* _ASSIGNMENT_
Using the material below, return exactly the lines between the one holding "24) rack shelf [0,0,645,583]" and the one holding "32) cardboard box [1640,587,1731,762]", inclusive, and no others.

* _SOURCE RECORDS_
- - - - -

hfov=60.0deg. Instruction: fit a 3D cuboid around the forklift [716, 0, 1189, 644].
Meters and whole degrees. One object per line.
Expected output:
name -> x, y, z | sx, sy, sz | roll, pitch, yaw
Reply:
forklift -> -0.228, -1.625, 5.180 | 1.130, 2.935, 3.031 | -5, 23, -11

- - - - -

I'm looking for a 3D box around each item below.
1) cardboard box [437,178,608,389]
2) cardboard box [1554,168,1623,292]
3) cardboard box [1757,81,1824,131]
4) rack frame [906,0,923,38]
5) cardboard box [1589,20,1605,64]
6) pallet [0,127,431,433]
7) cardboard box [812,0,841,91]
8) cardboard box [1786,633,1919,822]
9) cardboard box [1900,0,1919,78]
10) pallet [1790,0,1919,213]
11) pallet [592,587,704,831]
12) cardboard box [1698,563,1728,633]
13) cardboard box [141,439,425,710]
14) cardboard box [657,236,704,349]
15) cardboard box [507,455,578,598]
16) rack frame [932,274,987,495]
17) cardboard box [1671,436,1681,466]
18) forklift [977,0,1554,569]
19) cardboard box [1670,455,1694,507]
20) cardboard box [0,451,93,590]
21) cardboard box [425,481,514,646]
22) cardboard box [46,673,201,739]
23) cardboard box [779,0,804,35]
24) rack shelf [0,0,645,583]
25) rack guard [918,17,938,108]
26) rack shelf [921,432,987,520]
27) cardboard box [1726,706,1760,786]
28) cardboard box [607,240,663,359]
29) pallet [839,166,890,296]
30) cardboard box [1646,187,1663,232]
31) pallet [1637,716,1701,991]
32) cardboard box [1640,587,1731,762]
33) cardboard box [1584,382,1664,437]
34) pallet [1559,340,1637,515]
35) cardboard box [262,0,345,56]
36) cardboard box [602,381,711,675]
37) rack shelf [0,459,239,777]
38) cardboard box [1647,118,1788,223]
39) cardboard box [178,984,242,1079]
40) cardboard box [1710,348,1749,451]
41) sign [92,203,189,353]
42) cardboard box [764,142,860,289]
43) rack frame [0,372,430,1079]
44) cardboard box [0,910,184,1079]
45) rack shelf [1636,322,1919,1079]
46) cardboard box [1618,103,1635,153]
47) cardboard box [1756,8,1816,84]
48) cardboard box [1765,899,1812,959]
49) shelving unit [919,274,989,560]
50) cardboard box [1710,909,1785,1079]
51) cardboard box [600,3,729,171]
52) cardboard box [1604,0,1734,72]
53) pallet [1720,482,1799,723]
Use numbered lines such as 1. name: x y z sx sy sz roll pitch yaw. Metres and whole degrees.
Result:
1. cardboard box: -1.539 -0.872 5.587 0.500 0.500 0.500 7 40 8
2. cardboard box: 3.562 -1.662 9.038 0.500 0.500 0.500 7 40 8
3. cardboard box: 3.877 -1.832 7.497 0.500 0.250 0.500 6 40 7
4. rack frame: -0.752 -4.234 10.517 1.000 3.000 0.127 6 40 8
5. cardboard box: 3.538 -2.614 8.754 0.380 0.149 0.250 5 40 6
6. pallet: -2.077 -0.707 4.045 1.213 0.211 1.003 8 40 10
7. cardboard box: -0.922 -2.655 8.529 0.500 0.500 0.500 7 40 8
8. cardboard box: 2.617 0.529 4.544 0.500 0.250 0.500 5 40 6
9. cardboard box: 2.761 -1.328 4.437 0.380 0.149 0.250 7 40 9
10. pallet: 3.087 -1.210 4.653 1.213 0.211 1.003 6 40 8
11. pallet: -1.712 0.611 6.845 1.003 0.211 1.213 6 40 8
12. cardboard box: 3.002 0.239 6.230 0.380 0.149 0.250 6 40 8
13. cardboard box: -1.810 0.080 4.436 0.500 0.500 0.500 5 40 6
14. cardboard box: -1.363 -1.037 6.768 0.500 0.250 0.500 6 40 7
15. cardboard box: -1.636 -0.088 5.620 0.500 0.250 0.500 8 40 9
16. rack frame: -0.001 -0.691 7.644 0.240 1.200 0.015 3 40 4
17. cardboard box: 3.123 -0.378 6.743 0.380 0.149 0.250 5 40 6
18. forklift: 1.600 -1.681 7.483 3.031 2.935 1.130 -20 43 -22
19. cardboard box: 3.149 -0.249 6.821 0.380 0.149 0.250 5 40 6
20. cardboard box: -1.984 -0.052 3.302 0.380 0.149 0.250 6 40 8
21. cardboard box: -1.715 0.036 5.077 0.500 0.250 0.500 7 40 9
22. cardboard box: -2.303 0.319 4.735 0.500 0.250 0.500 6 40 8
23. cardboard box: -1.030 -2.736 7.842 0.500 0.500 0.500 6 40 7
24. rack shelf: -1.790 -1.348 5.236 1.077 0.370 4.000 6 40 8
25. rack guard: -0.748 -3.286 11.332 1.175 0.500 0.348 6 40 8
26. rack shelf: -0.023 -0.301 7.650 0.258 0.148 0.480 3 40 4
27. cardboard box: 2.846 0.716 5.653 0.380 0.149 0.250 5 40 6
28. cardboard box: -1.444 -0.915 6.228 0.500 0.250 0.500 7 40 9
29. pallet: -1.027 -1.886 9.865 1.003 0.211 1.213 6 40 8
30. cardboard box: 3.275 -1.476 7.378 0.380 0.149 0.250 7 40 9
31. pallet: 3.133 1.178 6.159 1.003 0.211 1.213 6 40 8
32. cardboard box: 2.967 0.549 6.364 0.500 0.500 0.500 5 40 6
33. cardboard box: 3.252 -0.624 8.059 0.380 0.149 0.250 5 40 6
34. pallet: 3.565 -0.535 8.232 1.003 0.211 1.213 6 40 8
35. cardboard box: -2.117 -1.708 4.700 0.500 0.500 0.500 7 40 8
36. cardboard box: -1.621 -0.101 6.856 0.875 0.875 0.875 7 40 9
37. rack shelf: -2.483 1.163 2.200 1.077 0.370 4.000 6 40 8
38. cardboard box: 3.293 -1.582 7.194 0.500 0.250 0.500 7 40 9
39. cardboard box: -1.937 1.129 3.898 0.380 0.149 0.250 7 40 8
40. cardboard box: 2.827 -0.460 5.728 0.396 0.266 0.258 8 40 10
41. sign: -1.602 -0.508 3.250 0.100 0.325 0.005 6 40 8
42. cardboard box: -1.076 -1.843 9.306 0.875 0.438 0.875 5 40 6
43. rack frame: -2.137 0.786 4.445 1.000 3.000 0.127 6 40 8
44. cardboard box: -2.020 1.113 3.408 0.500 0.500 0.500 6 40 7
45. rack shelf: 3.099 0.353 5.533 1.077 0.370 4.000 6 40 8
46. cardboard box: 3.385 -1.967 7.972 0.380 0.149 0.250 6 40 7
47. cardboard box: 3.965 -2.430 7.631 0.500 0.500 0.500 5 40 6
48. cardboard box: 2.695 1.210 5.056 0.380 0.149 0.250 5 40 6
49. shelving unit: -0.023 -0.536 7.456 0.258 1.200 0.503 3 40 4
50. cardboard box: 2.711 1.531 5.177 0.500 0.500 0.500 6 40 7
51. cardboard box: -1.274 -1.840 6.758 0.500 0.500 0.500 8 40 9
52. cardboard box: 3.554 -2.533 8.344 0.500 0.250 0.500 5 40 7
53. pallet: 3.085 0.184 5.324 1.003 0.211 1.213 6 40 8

- - - - -

* _OUTPUT OF THE EXERCISE_
24) rack shelf [0,0,645,583]
25) rack guard [918,17,938,108]
26) rack shelf [921,432,987,520]
27) cardboard box [1726,706,1760,786]
28) cardboard box [607,240,663,359]
29) pallet [839,166,890,296]
30) cardboard box [1646,187,1663,232]
31) pallet [1637,716,1701,991]
32) cardboard box [1640,587,1731,762]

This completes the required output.